Grangemouth expansion and new licensing for BP
15 Jan 2000
The first phase of a project to lift BP Chemicals' Grangemouth plant into the first division of olefin complexes has begun with a £35million expansion of one of the complex's ethylene crackers. The project is intended to ready Grangemouth for new petrochemical feedstocks to be piped in from the North Sea.
The project, slated to take 17 months, involves building two new furnaces and a C3 hydrogenation unit on the complex's G4 cracker. This will lift the cracker's capacity by 19 per cent, to 320 000t/a.
BP Chemicals plans to pump £500million into Grangemouth, so that it can process the ethane, propane and butane that will be pumped into the site by the new Forties Pipeline System from the turn of the century (see PE December, p5). Later phases of the expansion project include further work on the crackers to increase their total capacity from 700 000t/a to over a million tonnes per year; a polyethylene plant, and a `world-scale' polypropylene plant in partnership with Elf Atochem.

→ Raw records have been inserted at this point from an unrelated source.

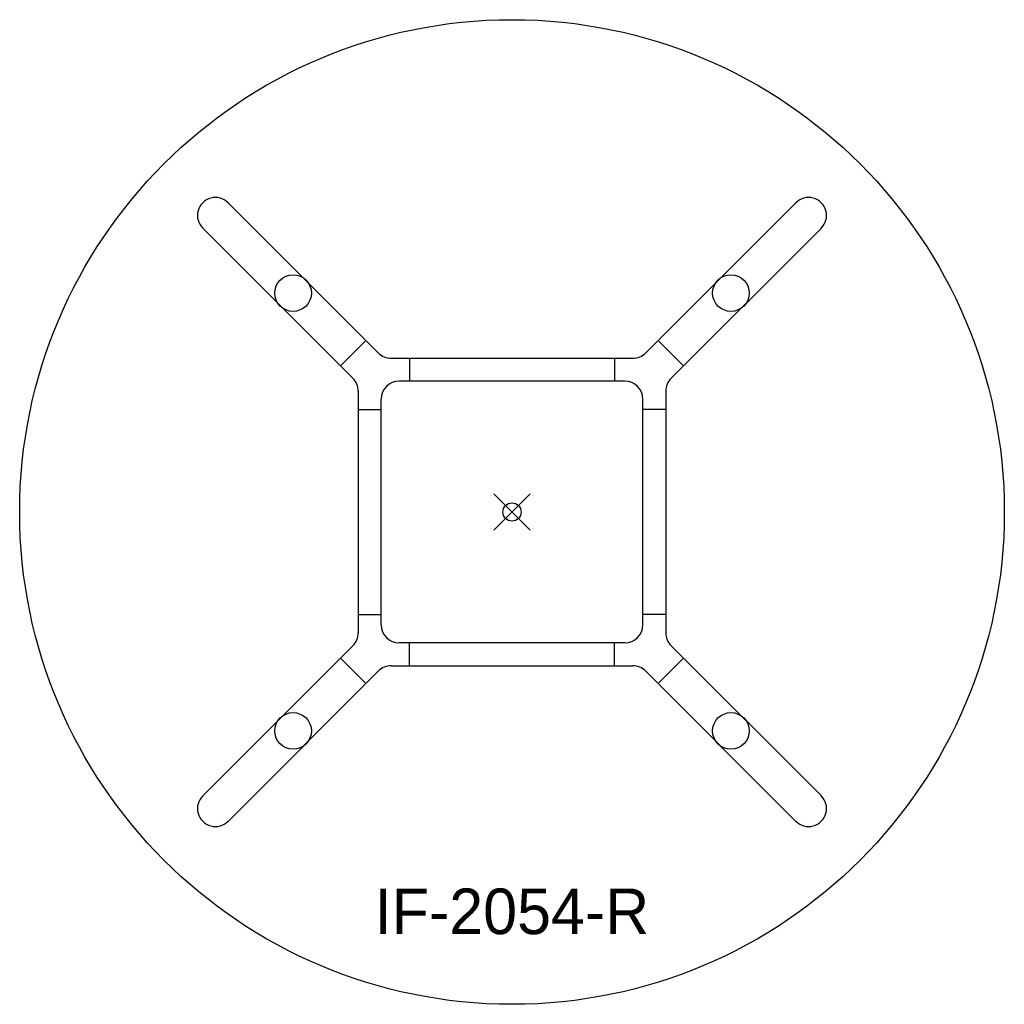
# Model space of a CAD drawing. Header units: inches. Extents: x -27 to 27, y -27 to 27.
import ezdxf
from ezdxf.enums import TextEntityAlignment as Align

# ---------------------------------------------------------------- set-up
doc = ezdxf.new("R2010")
doc.units = ezdxf.units.IN
doc.header["$PDMODE"] = 35
doc.layers.add('AFUCH-P', color=2, linetype='Continuous')
doc.layers.add('AFUCH-P-TN', color=2, linetype='Continuous')

msp = doc.modelspace()

# ---------------------------------------------------------------- linework, layer by layer
at = {"layer": 'AFUCH-P'}
for p, q in [((-7.334, 8.726), (-15.573, 16.965)), ((7.334, 8.726), (15.573, 16.965)), ((-8.726, 7.334), (-16.965, 15.573)), ((8.726, 7.334), (16.965, 15.573)), ((-8.015, 9.407), (-9.407, 8.015)), ((8.015, 9.407), (9.407, 8.015)), ((-6.627, 8.433), (6.627, 8.433)), ((-5.625, 8.433), (-5.625, 7.183)), ((5.625, 8.433), (5.625, 7.183)), ((6.183, 7.183), (-6.183, 7.183)), ((-8.433, 6.627), (-8.433, -6.627)), ((8.433, 6.627), (8.433, -6.627)), ((-7.183, -6.183), (-7.183, 6.183)), ((7.183, -6.183), (7.183, 6.183)), ((-8.433, 5.625), (-7.183, 5.625)), ((8.433, 5.625), (7.183, 5.625)), ((-8.433, -5.625), (-7.183, -5.625)), ((8.433, -5.625), (7.183, -5.625)), ((-8.726, -7.334), (-16.965, -15.573)), ((6.183, -7.183), (-6.183, -7.183)), ((-5.625, -8.433), (-5.625, -7.183)), ((5.625, -8.433), (5.625, -7.183)), ((8.726, -7.334), (16.965, -15.573)), ((-9.407, -8.015), (-8.015, -9.407)), ((9.407, -8.015), (8.015, -9.407)), ((-6.627, -8.433), (6.627, -8.433)), ((-7.334, -8.726), (-15.573, -16.965)), ((7.334, -8.726), (15.573, -16.965))]:
    msp.add_line(p, q, dxfattribs=at)
for centre, radius in [((0, 0), 27), ((-12.004, 12.004), 1.004), ((12.004, 12.004), 1.004), ((-12.004, -12.004), 1.004), ((12.004, -12.004), 1.004)]:
    msp.add_circle(centre, radius, dxfattribs=at)
for centre, radius, start, end in [((-16.269, 16.269), 0.984, 45, 225.0009), ((16.269, 16.269), 0.984, 314.9991, 135), ((-6.627, 9.433), 1, 225, 270), ((6.627, 9.433), 1, 270, 315), ((-9.433, 6.627), 1, 0, 45), ((-6.183, 6.183), 1, 90, 180), ((6.183, 6.183), 1, 360, 90), ((9.433, 6.627), 1, 135, 180), ((-6.183, -6.183), 1, 180, 270), ((6.183, -6.183), 1, 270, 360), ((-9.433, -6.627), 1, 315, 360), ((9.433, -6.627), 1, 180, 225), ((-6.627, -9.433), 1, 90, 135), ((6.627, -9.433), 1, 45, 90), ((-16.269, -16.269), 0.984, 135, 315.0009), ((16.269, -16.269), 0.984, 224.9991, 45)]:
    msp.add_arc(centre, radius, start, end, dxfattribs=at)
msp.add_point((0, 0), dxfattribs=at)

# ---------------------------------------------------------------- texts
at = {"layer": 'AFUCH-P-TN'}
msp.add_text('IF-2054-R', height=2.5, dxfattribs=at).set_placement((0, -23.15), align=Align.CENTER)

doc.saveas('drawing.dxf')

* BP Chemicals is to add its polystyrene and expandable polystyrene manufacturing technologies to its licensing portfolio, in partnership with Norwegian contractor ABB Lummus Global. The technology involves two processes - the solvent-free continuous mass process, which makes high-impact and general purpose PS, and a high-productivity suspension reaction to make the expanded grades. Lummus will market and license the technology, providing basic engineering packages and offering engineering, procurement and construction services, while BP will provide technology support during plant design and construction.